## MATERIAL PROVIDED
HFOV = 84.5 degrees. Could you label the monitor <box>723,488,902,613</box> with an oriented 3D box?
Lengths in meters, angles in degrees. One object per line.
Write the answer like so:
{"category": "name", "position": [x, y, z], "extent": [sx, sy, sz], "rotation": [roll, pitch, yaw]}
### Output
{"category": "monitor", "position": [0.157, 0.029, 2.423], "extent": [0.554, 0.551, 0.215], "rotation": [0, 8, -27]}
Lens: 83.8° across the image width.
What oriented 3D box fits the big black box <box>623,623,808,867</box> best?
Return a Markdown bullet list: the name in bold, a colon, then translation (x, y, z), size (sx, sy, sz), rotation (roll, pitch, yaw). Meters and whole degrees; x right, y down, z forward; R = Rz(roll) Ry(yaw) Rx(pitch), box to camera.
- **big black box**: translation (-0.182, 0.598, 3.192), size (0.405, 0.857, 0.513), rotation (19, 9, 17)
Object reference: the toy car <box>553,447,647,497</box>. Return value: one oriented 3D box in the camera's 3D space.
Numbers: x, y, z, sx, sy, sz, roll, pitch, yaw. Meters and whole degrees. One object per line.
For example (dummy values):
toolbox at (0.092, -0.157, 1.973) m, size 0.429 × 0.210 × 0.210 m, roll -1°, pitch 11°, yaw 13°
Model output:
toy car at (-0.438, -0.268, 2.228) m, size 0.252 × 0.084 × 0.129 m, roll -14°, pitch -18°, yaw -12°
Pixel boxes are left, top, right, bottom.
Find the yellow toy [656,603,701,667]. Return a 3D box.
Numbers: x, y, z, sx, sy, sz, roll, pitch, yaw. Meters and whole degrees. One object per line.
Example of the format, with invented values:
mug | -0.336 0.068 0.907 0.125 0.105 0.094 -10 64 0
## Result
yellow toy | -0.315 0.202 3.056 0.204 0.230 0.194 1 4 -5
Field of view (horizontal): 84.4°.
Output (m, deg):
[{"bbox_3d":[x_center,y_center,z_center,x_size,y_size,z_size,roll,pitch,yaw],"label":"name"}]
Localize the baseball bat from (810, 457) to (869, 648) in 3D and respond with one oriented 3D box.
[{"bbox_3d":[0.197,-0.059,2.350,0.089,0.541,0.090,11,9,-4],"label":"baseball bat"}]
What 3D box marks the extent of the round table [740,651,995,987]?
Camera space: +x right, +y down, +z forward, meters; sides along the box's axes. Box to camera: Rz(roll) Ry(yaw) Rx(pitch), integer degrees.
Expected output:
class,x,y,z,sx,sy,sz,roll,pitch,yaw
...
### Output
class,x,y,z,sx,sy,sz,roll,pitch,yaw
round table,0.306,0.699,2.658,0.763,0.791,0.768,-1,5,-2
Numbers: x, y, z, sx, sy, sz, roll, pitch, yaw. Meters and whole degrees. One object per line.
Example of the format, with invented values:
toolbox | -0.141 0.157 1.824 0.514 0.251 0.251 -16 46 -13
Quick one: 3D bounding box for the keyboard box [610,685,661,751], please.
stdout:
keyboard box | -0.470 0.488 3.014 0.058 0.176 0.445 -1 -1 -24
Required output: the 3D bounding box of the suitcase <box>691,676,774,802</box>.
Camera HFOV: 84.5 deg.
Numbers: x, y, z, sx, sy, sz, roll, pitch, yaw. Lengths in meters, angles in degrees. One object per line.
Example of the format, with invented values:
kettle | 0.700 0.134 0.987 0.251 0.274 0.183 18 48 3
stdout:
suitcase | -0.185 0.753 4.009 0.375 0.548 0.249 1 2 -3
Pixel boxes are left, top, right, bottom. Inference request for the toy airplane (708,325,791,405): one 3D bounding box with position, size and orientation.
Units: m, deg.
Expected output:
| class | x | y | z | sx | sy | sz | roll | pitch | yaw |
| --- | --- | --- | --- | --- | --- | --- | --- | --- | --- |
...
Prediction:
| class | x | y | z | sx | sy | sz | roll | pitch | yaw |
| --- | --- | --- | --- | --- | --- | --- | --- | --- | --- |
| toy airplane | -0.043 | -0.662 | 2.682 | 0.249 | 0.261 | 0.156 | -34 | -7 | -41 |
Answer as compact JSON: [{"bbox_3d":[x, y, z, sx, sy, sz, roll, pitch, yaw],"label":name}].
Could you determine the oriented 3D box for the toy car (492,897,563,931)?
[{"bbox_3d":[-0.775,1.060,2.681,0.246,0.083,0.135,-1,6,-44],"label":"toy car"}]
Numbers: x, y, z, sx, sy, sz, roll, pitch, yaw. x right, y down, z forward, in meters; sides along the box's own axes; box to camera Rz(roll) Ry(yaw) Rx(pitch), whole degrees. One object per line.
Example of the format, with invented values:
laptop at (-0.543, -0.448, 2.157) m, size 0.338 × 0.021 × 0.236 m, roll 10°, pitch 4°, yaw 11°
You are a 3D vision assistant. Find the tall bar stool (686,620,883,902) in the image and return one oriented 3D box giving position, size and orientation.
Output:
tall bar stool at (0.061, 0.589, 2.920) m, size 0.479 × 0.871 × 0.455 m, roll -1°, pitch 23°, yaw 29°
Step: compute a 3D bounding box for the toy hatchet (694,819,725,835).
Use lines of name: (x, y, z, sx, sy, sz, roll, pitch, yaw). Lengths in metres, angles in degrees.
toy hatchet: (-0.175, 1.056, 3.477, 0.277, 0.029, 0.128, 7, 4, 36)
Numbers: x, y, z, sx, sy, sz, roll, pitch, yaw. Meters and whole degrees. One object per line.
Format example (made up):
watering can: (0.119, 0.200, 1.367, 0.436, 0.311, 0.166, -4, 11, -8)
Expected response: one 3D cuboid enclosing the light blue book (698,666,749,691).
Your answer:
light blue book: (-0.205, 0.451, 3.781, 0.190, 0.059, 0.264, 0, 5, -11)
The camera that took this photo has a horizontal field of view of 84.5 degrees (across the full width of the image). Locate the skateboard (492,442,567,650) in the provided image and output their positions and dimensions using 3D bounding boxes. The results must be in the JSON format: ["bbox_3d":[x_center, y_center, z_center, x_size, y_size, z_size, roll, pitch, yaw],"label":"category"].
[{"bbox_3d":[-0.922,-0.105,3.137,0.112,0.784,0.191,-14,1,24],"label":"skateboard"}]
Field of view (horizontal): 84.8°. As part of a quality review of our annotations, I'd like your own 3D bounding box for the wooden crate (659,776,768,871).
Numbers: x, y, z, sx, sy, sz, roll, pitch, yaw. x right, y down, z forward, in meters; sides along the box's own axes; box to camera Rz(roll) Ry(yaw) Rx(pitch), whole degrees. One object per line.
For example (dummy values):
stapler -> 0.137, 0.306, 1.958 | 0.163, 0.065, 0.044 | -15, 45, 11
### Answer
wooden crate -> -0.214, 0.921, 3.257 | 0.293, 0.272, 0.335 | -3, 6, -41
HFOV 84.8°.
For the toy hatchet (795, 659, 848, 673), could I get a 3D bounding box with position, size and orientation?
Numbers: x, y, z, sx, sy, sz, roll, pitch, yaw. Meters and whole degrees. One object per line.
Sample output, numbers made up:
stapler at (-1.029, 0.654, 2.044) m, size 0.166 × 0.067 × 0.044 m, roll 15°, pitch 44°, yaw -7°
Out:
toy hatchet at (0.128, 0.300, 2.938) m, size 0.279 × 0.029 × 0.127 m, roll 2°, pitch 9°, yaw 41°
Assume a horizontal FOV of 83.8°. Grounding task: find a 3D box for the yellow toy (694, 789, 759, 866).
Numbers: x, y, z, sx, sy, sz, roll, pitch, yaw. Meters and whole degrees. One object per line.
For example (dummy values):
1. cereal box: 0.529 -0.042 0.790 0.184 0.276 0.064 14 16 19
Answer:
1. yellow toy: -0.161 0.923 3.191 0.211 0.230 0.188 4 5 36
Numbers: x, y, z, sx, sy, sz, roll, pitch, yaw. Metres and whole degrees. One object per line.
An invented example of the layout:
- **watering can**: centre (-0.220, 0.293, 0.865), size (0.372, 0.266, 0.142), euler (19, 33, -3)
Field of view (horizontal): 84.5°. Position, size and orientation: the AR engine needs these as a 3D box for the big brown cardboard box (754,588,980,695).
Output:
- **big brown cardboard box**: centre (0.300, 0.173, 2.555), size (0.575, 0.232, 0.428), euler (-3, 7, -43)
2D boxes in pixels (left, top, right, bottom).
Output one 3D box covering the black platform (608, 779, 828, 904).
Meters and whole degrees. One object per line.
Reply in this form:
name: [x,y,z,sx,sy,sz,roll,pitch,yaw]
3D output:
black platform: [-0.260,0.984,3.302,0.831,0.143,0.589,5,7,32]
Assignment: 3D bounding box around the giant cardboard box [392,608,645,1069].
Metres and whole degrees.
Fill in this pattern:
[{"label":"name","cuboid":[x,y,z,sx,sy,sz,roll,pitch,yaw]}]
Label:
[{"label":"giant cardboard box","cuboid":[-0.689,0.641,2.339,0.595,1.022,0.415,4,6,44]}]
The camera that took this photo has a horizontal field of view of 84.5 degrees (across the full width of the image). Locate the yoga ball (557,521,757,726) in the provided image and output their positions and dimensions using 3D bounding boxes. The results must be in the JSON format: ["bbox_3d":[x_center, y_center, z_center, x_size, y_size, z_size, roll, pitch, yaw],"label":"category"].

## REQUIREMENT
Give again, word for word, the lines of the listing, starting at its first line and ending with the line containing "Field of view (horizontal): 84.4°.".

## ANSWER SPACE
HFOV = 84.5 degrees. Could you label the monitor <box>723,488,902,613</box> with an oriented 3D box?
Lengths in meters, angles in degrees. One object per line.
Write the answer like so:
{"category": "name", "position": [x, y, z], "extent": [sx, sy, sz], "rotation": [roll, pitch, yaw]}
### Output
{"category": "monitor", "position": [0.157, 0.029, 2.423], "extent": [0.554, 0.551, 0.215], "rotation": [0, 8, -27]}
Lens: 83.8° across the image width.
What oriented 3D box fits the big black box <box>623,623,808,867</box> best?
Return a Markdown bullet list: the name in bold, a colon, then translation (x, y, z), size (sx, sy, sz), rotation (roll, pitch, yaw). Meters and whole degrees; x right, y down, z forward; R = Rz(roll) Ry(yaw) Rx(pitch), box to camera.
- **big black box**: translation (-0.182, 0.598, 3.192), size (0.405, 0.857, 0.513), rotation (19, 9, 17)
Object reference: the toy car <box>553,447,647,497</box>. Return value: one oriented 3D box in the camera's 3D space.
Numbers: x, y, z, sx, sy, sz, roll, pitch, yaw. Meters and whole degrees. One object per line.
For example (dummy values):
toolbox at (0.092, -0.157, 1.973) m, size 0.429 × 0.210 × 0.210 m, roll -1°, pitch 11°, yaw 13°
Model output:
toy car at (-0.438, -0.268, 2.228) m, size 0.252 × 0.084 × 0.129 m, roll -14°, pitch -18°, yaw -12°
Pixel boxes are left, top, right, bottom.
Find the yellow toy [656,603,701,667]. Return a 3D box.
Numbers: x, y, z, sx, sy, sz, roll, pitch, yaw. Meters and whole degrees. One object per line.
Example of the format, with invented values:
mug | -0.336 0.068 0.907 0.125 0.105 0.094 -10 64 0
## Result
yellow toy | -0.315 0.202 3.056 0.204 0.230 0.194 1 4 -5
Field of view (horizontal): 84.4°.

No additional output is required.